• [Assigned task]: Scan the records for the word "below". Copy each line that includes it.

• [The data]:
***
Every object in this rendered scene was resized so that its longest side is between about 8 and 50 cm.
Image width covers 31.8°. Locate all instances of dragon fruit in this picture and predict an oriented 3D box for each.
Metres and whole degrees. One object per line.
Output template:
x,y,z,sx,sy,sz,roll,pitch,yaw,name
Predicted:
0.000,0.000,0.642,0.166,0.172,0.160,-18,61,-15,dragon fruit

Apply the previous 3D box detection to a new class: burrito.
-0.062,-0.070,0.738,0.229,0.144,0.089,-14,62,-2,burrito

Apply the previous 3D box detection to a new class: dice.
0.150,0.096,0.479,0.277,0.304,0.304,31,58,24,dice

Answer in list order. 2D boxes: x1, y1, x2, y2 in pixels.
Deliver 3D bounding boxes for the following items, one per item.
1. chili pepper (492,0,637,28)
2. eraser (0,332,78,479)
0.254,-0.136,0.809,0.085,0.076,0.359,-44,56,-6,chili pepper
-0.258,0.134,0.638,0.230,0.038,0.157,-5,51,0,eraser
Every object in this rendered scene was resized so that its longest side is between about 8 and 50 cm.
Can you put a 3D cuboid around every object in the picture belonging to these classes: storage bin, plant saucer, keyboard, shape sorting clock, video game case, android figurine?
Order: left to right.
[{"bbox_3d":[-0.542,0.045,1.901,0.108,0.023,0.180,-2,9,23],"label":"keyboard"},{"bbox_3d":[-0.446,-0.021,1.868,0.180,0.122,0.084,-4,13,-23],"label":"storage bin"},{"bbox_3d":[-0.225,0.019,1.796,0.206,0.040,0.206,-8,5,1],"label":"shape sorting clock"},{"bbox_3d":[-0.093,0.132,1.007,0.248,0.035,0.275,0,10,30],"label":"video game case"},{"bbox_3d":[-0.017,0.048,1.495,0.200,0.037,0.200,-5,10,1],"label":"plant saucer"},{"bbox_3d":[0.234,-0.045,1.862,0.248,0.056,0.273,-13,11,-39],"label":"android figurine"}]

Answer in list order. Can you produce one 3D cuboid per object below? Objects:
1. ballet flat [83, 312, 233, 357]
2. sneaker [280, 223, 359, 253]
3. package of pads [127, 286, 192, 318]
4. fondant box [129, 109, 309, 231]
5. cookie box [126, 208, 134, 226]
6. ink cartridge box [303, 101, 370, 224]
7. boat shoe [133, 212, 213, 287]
***
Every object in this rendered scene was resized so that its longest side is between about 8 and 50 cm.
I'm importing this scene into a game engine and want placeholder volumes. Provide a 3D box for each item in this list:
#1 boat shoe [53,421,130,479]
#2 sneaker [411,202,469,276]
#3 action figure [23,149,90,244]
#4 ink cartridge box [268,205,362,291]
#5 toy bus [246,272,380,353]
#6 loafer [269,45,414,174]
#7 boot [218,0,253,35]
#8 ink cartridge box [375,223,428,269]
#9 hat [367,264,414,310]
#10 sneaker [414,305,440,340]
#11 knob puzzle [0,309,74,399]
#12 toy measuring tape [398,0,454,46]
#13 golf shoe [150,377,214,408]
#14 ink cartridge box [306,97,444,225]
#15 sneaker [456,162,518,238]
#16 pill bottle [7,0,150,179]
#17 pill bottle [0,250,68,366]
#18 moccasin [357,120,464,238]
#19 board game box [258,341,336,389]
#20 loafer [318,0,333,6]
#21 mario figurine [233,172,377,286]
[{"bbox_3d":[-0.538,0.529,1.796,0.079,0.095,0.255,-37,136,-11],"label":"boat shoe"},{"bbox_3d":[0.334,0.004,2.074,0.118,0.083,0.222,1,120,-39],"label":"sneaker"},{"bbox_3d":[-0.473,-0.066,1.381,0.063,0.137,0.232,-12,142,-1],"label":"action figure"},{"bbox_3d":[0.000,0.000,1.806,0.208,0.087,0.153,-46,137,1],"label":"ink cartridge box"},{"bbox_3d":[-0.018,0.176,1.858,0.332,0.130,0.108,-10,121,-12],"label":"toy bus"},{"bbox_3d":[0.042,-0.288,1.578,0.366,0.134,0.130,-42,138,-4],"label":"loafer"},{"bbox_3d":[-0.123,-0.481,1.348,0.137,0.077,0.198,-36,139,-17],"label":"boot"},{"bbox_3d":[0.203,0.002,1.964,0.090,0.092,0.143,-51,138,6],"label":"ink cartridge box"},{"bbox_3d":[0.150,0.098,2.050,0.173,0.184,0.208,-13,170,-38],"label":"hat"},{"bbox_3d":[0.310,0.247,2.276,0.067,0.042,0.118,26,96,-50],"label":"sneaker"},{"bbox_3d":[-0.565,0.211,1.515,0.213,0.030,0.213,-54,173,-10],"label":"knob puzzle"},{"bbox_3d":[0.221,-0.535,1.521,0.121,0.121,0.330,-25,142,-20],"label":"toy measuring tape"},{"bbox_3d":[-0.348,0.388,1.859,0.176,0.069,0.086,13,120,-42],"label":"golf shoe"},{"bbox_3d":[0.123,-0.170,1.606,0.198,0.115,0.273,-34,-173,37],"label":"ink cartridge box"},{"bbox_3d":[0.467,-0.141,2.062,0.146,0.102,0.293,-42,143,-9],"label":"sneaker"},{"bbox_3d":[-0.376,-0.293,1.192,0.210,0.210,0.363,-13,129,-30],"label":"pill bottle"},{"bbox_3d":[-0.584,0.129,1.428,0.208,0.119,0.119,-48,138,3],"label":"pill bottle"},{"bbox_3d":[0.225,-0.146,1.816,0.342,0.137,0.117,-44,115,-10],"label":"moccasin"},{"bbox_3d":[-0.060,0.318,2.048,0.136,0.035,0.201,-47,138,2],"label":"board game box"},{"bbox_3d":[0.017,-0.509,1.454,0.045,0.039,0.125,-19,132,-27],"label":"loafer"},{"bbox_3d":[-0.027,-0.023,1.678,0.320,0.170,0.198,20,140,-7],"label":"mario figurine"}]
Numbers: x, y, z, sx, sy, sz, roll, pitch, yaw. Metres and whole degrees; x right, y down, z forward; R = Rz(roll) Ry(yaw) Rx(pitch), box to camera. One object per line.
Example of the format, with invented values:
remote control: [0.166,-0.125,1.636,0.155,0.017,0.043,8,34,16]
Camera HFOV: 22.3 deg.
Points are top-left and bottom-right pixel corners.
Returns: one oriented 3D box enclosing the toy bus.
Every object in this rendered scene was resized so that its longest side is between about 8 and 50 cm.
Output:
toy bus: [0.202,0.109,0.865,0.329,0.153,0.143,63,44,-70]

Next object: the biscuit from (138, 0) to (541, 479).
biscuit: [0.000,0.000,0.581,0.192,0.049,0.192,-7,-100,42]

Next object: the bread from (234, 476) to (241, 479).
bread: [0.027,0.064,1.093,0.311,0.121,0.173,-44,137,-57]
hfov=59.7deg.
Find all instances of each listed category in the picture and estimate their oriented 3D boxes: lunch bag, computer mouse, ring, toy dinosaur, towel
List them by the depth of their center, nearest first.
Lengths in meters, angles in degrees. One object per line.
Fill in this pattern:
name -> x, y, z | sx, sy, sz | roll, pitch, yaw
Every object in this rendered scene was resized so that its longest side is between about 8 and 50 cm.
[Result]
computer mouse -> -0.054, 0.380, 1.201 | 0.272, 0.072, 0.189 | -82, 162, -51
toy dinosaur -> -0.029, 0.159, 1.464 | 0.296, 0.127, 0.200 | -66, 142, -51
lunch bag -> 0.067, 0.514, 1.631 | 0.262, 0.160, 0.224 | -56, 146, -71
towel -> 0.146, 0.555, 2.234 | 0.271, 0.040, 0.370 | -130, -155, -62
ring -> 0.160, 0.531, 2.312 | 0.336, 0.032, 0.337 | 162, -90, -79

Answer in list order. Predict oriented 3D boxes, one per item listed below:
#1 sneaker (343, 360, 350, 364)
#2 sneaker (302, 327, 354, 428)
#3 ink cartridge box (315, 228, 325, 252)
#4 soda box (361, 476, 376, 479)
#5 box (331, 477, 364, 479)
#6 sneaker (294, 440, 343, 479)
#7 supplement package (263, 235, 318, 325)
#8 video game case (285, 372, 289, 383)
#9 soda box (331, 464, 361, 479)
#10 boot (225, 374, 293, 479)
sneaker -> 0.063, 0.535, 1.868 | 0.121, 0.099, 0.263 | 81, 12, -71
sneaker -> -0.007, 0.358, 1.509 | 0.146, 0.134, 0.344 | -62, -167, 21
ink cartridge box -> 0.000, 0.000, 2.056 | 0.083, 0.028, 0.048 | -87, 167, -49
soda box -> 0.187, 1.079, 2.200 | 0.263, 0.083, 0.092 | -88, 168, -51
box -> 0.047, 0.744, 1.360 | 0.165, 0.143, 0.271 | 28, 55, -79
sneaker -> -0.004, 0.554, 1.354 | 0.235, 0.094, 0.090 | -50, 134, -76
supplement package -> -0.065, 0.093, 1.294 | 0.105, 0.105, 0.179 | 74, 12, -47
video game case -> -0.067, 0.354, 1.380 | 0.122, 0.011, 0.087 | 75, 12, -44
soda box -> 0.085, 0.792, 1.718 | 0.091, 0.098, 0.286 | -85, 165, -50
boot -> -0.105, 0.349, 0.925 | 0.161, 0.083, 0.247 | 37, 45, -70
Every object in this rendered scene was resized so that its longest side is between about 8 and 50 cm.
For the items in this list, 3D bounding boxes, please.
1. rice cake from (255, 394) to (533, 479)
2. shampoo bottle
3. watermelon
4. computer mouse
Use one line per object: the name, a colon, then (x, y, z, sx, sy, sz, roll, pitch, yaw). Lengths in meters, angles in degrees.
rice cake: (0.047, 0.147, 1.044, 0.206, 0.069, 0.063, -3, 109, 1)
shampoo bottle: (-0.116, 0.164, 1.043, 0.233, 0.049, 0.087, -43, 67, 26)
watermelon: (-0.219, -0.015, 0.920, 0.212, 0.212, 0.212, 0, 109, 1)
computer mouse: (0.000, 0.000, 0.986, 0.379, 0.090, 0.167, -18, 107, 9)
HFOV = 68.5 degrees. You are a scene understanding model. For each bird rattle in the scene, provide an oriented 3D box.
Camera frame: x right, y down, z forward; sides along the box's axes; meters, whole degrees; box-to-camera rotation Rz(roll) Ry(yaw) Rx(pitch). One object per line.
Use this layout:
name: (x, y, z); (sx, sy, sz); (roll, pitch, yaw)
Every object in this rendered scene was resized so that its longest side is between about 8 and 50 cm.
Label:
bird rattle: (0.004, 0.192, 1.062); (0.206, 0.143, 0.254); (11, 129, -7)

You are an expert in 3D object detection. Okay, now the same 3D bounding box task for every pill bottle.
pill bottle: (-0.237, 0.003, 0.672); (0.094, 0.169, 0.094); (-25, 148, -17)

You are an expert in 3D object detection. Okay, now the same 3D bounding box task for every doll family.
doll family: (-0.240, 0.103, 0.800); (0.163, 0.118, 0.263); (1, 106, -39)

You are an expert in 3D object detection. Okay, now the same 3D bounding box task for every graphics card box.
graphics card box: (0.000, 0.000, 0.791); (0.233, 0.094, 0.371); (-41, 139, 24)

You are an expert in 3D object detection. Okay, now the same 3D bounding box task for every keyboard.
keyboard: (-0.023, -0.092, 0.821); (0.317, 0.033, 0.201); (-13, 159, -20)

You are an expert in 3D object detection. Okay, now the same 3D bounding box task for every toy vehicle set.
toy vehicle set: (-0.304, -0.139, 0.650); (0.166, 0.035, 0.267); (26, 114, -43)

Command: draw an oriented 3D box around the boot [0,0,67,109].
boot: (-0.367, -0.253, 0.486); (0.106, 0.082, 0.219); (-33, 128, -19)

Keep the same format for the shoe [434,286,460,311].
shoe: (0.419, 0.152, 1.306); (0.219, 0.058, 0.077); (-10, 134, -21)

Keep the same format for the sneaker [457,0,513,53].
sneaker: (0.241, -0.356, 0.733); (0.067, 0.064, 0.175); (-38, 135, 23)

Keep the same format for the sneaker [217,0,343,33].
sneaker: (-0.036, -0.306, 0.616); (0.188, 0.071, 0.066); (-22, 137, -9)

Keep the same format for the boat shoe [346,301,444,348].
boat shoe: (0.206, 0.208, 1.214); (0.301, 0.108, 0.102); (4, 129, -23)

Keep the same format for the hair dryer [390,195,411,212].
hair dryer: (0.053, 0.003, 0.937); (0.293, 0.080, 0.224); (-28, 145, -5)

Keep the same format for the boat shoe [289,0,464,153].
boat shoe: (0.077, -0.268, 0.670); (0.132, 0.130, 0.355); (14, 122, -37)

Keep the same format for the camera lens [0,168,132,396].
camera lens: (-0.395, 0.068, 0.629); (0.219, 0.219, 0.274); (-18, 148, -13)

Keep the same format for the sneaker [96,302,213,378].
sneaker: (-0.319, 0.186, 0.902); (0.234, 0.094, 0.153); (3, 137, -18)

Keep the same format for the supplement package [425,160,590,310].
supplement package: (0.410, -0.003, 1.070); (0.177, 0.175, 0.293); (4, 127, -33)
***
• [Output for this task]:
Answer in list order. Can you produce one 3D cuboid per object below? Objects:
Answer in list order. Predict oriented 3D boxes, one per item listed below:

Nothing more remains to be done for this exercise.